The chemical energy available to the mollusks was estimated as particulate organic carbon (POC) flux (g of C m−2 year−1) based on the Lutz et al. (2007) model. The model utilizes empirically derived sediment trap POC flux estimates compared to remotely sensed estimates of net primary production (NPP) and sea surface temperature (SST). These data were used to develop an algorithm with coefficients predicting annual POC flux at a given depth from remotely sensed data. Sediment trap data consist of estimates of flux collected over 25 years including 244 annual flux estimates and 153 subannually resolved flux time series. For the same localities of sediment traps, NPP and SST were then gathered to develop the predictive equations for POC. NPP and SST were estimated from the NOAA/NASA AVHRR Oceans Pathfinder SST, NASA SeaWiFs surface chlorophyll concentrations, and photosynthetically active radiation.
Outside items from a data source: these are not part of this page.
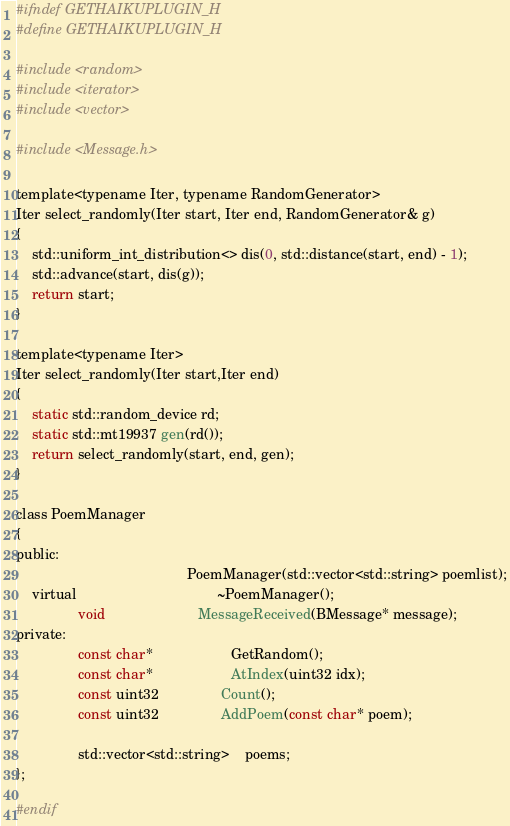<code> <loc_0><loc_0><loc_500><loc_500><_C_>#ifndef GETHAIKUPLUGIN_H
#define GETHAIKUPLUGIN_H

#include <random>
#include <iterator>
#include <vector>

#include <Message.h>

template<typename Iter, typename RandomGenerator>
Iter select_randomly(Iter start, Iter end, RandomGenerator& g)
{
	std::uniform_int_distribution<> dis(0, std::distance(start, end) - 1);
	std::advance(start, dis(g));
	return start;
}

template<typename Iter>
Iter select_randomly(Iter start,Iter end)
{
	static std::random_device rd;
	static std::mt19937 gen(rd());
	return select_randomly(start, end, gen);
}

class PoemManager
{
public:
											PoemManager(std::vector<std::string> poemlist);
	virtual									~PoemManager();
				void						MessageReceived(BMessage* message);
private:
				const char*					GetRandom();
				const char*					AtIndex(uint32 idx);
				const uint32				Count();
				const uint32				AddPoem(const char* poem);
				
				std::vector<std::string> 	poems;
};

#endif
</code> 
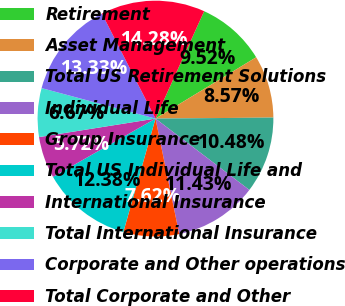Convert chart to OTSL. <chart><loc_0><loc_0><loc_500><loc_500><pie_chart><fcel>Retirement<fcel>Asset Management<fcel>Total US Retirement Solutions<fcel>Individual Life<fcel>Group Insurance<fcel>Total US Individual Life and<fcel>International Insurance<fcel>Total International Insurance<fcel>Corporate and Other operations<fcel>Total Corporate and Other<nl><fcel>9.52%<fcel>8.57%<fcel>10.48%<fcel>11.43%<fcel>7.62%<fcel>12.38%<fcel>5.72%<fcel>6.67%<fcel>13.33%<fcel>14.28%<nl></chart> 
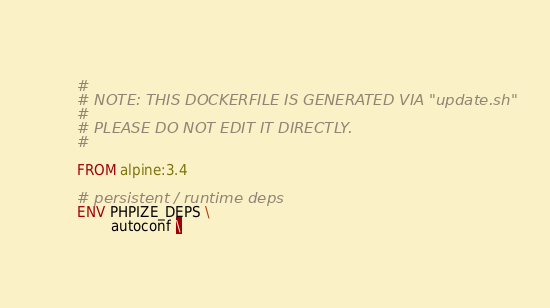Convert code to text. <code><loc_0><loc_0><loc_500><loc_500><_Dockerfile_>#
# NOTE: THIS DOCKERFILE IS GENERATED VIA "update.sh"
#
# PLEASE DO NOT EDIT IT DIRECTLY.
#

FROM alpine:3.4

# persistent / runtime deps
ENV PHPIZE_DEPS \
		autoconf \</code> 
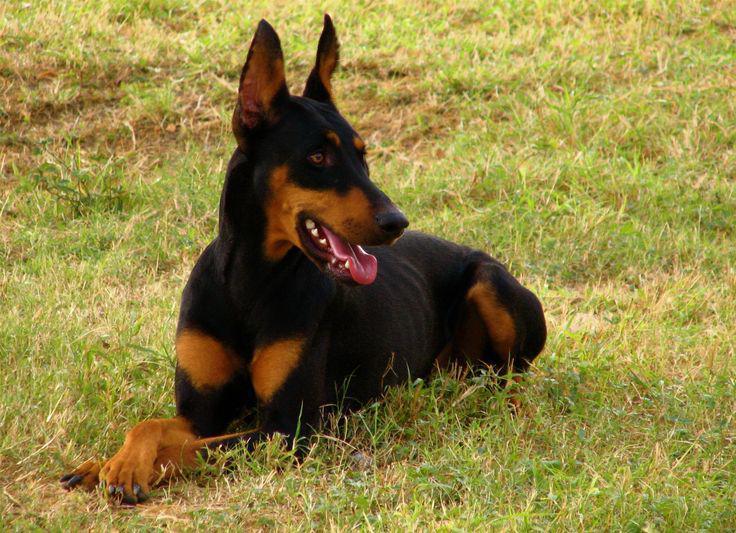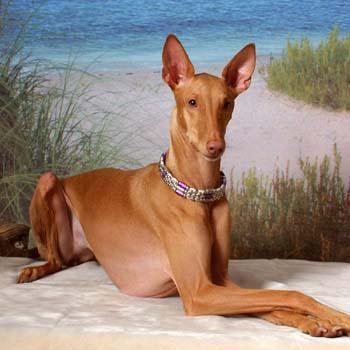The first image is the image on the left, the second image is the image on the right. Given the left and right images, does the statement "All the dogs are laying down." hold true? Answer yes or no. Yes. The first image is the image on the left, the second image is the image on the right. Considering the images on both sides, is "The left and right image contains the same number of dogs." valid? Answer yes or no. Yes.

For each species, we quantified the mean, median, and standard deviation of carbon flux over their known latitudinal and depth ranges. Data from each species were manipulated using ArcGIS Workstation 10 (Environmental Systems Research Institute, Redlands, CA). We created a GIS coverage for each species’ north–south range extent. This was overlaid upon bathymetry data (GEBCO 08, 30 arc-second grid, September 2010 release, http://www.gebco.org) to limit each species’ distribution to their recorded depth range. To obtain the carbon flux values, each species’ range was overlaid upon the Lutz et al. (2007) model, with values exported to a text file. Values from each species were compiled into a single data file.
In some cases, because of the coarseness of the depth and carbon flux GIS grids and the small biogeographic ranges of some of the bivalves here, we slightly extended species ranges to obtain carbon flux data. This ensured that matching cells in the GIS grids would be found for each species. The smallest latitudinal extent for any species with small ranges was set at 1°. Species recorded from a single depth, or very narrow depths were also expanded. All species found at depths less than 10 m were adjusted to a minimum depth range of 10 m. Species at depths up to 20 m were adjusted so that their minimum depth range was 10 m, with an equal amount added to the minimum and maximum depth. Depth ranges from 20 to 49 m were adjusted to have a 20 m minimum depth range, 50–199 m to 40 m, 200–999 to 100 m, and > 1000 m to 200 m. The grade of the continental shelf is low and thus depth ranges changes were limited to shorter intervals to prevent making biogeographic ranges substantially larger.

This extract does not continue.